*** The data Section Begins ***

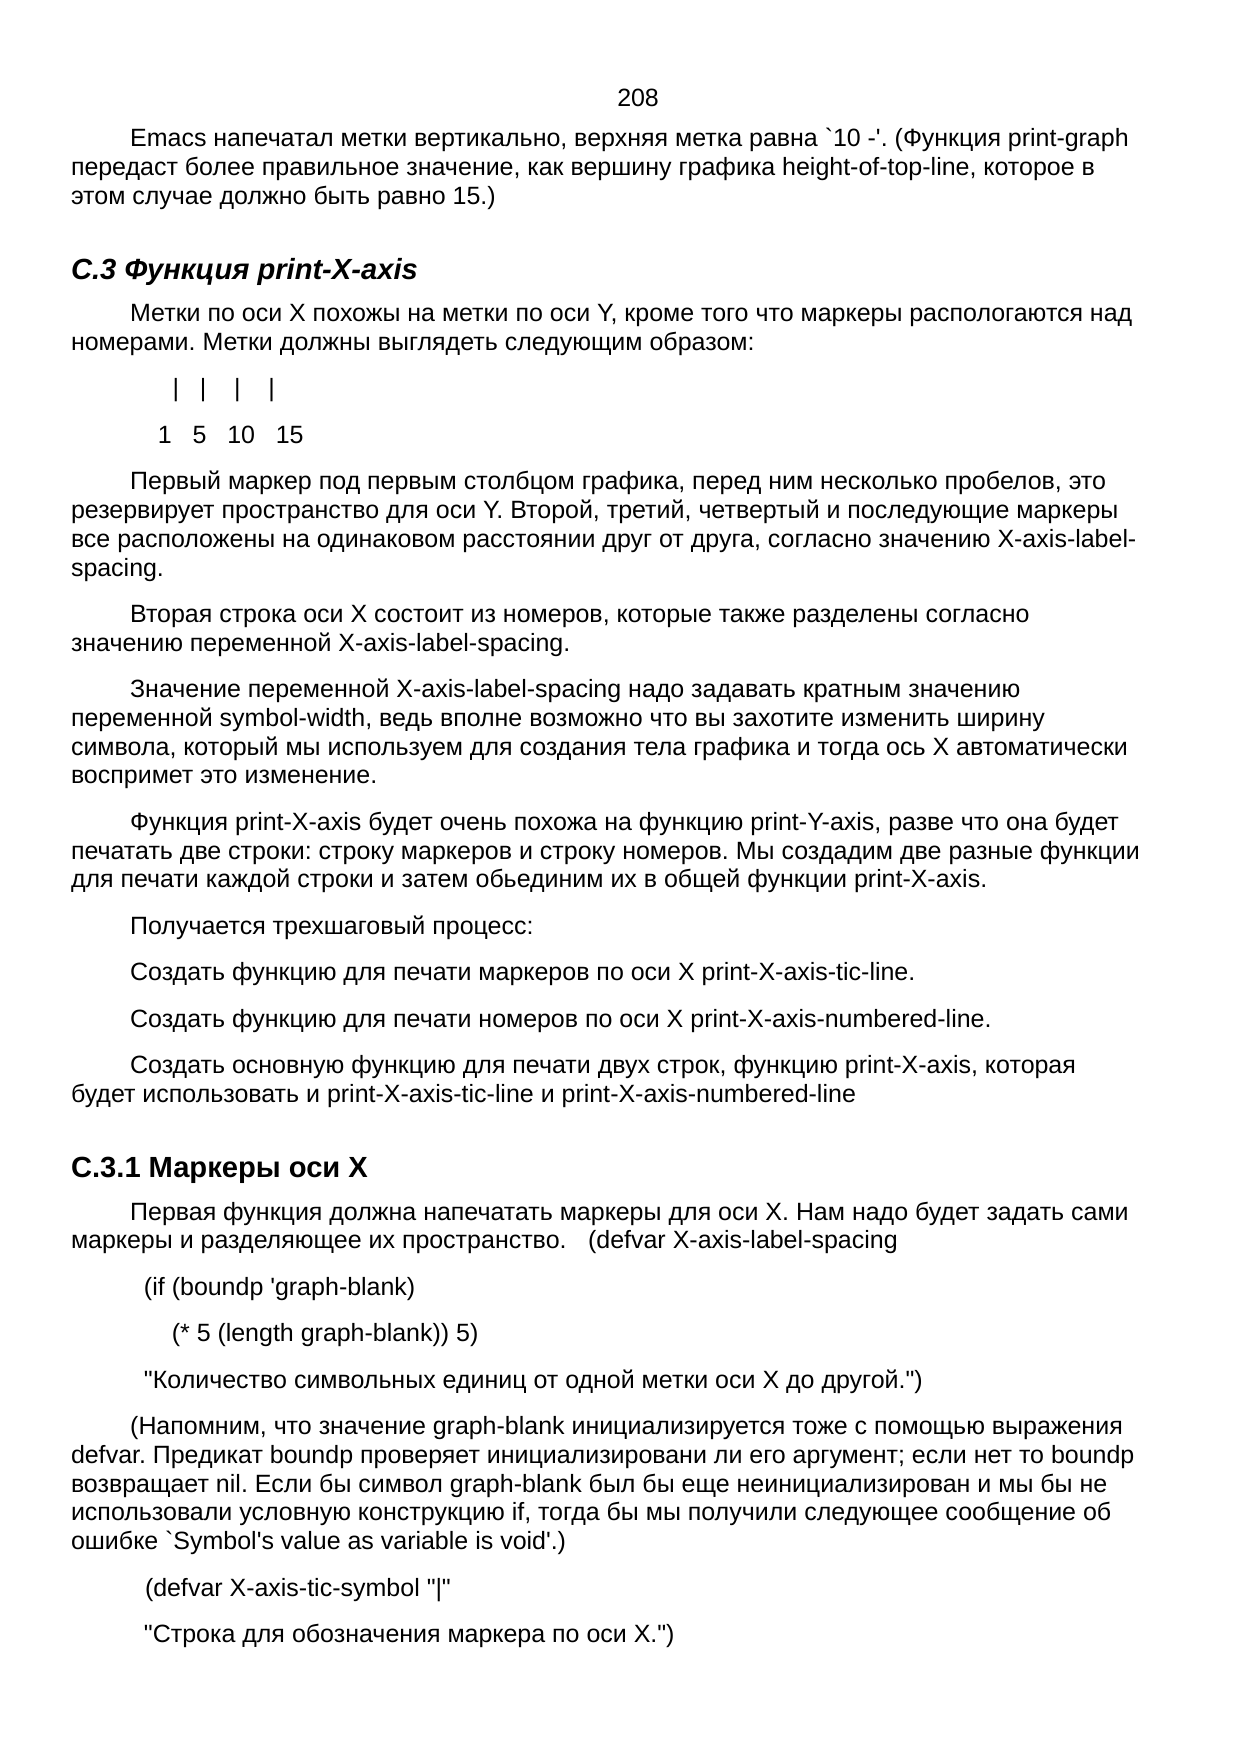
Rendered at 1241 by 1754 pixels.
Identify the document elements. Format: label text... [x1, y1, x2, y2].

text Первая функция должна напечатать маркеры для оси X. Нам надо будет задать сами маркеры и разделяющее их пространство. (defvar X-axis-label-spacing [71, 1197, 1146, 1254]
text Значение переменной X-axis-label-spacing надо задавать кратным значению переменной symbol-width, ведь вполне возможно что вы захотите изменить ширину символа, который мы используем для создания тела графика и тогда ось X автоматически воспримет это изменение. [71, 674, 1146, 789]
text Создать основную функцию для печати двух строк, функцию print-X-axis, которая будет использовать и print-X-axis-tic-line и print-X-axis-numbered-line [71, 1050, 1146, 1108]
text Создать функцию для печати маркеров по оси X print-X-axis-tic-line. [71, 957, 1146, 986]
text (defvar X-axis-tic-symbol "|" [71, 1573, 1146, 1601]
text Emacs напечатал метки вертикально, верхняя метка равна `10 -'. (Функция print-graph передаст более правильное значение, как вершину графика height-of-top-line, которое в этом случае должно быть равно 15.) [71, 123, 1146, 209]
text Функция print-X-axis будет очень похожа на функцию print-Y-axis, разве что она будет печатать две строки: строку маркеров и строку номеров. Мы создадим две разные функции для печати каждой строки и затем обьединим их в общей функции print-X-axis. [71, 807, 1146, 893]
subtitle C.3 Функция print-X-axis [71, 252, 1146, 286]
text (* 5 (length graph-blank)) 5) [71, 1318, 1146, 1347]
text Метки по оси X похожы на метки по оси Y, кроме того что маркеры распологаются над номерами. Метки должны выглядеть следующим образом: [71, 298, 1146, 356]
text Вторая строка оси X состоит из номеров, которые также разделены согласно значению переменной X-axis-label-spacing. [71, 599, 1146, 657]
text 1 5 10 15 [71, 420, 1146, 449]
text "Строка для обозначения маркера по оси X.") [71, 1619, 1146, 1648]
text (Напомним, что значение graph-blank инициализируется тоже с помощью выражения defvar. Предикат boundp проверяет инициализировани ли его аргумент; если нет то boundp возвращает nil. Если бы символ graph-blank был бы еще неинициализирован и мы бы не использовали условную конструкцию if, тогда бы мы получили следующее сообщение об ошибке `Symbol's value as variable is void'.) [71, 1411, 1146, 1555]
text Первый маркер под первым столбцом графика, перед ним несколько пробелов, это резервирует пространство для оси Y. Второй, третий, четвертый и последующие маркеры все расположены на одинаковом расстоянии друг от друга, согласно значению X-axis-label-spacing. [71, 466, 1146, 581]
text Создать функцию для печати номеров по оси X print-X-axis-numbered-line. [71, 1004, 1146, 1033]
text | | | | [71, 373, 1146, 402]
subtitle C.3.1 Маркеры оси X [71, 1151, 1146, 1184]
text Получается трехшаговый процесс: [71, 911, 1146, 940]
text "Количество символьных единиц от одной метки оси X до другой.") [71, 1365, 1146, 1393]
text (if (boundp 'graph-blank) [71, 1272, 1146, 1301]

*** The data Section Ends ***

_Requirement_
Copy out the material exactly as it stands, though no picture should appear in the copy.

_Answer area_
Rendered at 1241 by 1754 pixels.
Identify the document elements. Format: label text... [x1, y1, x2, y2].

text Первая функция должна напечатать маркеры для оси X. Нам надо будет задать сами маркеры и разделяющее их пространство. (defvar X-axis-label-spacing [71, 1197, 1146, 1254]
text Значение переменной X-axis-label-spacing надо задавать кратным значению переменной symbol-width, ведь вполне возможно что вы захотите изменить ширину символа, который мы используем для создания тела графика и тогда ось X автоматически воспримет это изменение. [71, 674, 1146, 789]
text Создать основную функцию для печати двух строк, функцию print-X-axis, которая будет использовать и print-X-axis-tic-line и print-X-axis-numbered-line [71, 1050, 1146, 1108]
text Создать функцию для печати маркеров по оси X print-X-axis-tic-line. [71, 957, 1146, 986]
text (defvar X-axis-tic-symbol "|" [71, 1573, 1146, 1601]
text Emacs напечатал метки вертикально, верхняя метка равна `10 -'. (Функция print-graph передаст более правильное значение, как вершину графика height-of-top-line, которое в этом случае должно быть равно 15.) [71, 123, 1146, 209]
text Функция print-X-axis будет очень похожа на функцию print-Y-axis, разве что она будет печатать две строки: строку маркеров и строку номеров. Мы создадим две разные функции для печати каждой строки и затем обьединим их в общей функции print-X-axis. [71, 807, 1146, 893]
subtitle C.3 Функция print-X-axis [71, 252, 1146, 286]
text (* 5 (length graph-blank)) 5) [71, 1318, 1146, 1347]
text Метки по оси X похожы на метки по оси Y, кроме того что маркеры распологаются над номерами. Метки должны выглядеть следующим образом: [71, 298, 1146, 356]
text Вторая строка оси X состоит из номеров, которые также разделены согласно значению переменной X-axis-label-spacing. [71, 599, 1146, 657]
text 1 5 10 15 [71, 420, 1146, 449]
text "Строка для обозначения маркера по оси X.") [71, 1619, 1146, 1648]
text (Напомним, что значение graph-blank инициализируется тоже с помощью выражения defvar. Предикат boundp проверяет инициализировани ли его аргумент; если нет то boundp возвращает nil. Если бы символ graph-blank был бы еще неинициализирован и мы бы не использовали условную конструкцию if, тогда бы мы получили следующее сообщение об ошибке `Symbol's value as variable is void'.) [71, 1411, 1146, 1555]
text Первый маркер под первым столбцом графика, перед ним несколько пробелов, это резервирует пространство для оси Y. Второй, третий, четвертый и последующие маркеры все расположены на одинаковом расстоянии друг от друга, согласно значению X-axis-label-spacing. [71, 466, 1146, 581]
text Создать функцию для печати номеров по оси X print-X-axis-numbered-line. [71, 1004, 1146, 1033]
text | | | | [71, 373, 1146, 402]
subtitle C.3.1 Маркеры оси X [71, 1151, 1146, 1184]
text Получается трехшаговый процесс: [71, 911, 1146, 940]
text "Количество символьных единиц от одной метки оси X до другой.") [71, 1365, 1146, 1393]
text (if (boundp 'graph-blank) [71, 1272, 1146, 1301]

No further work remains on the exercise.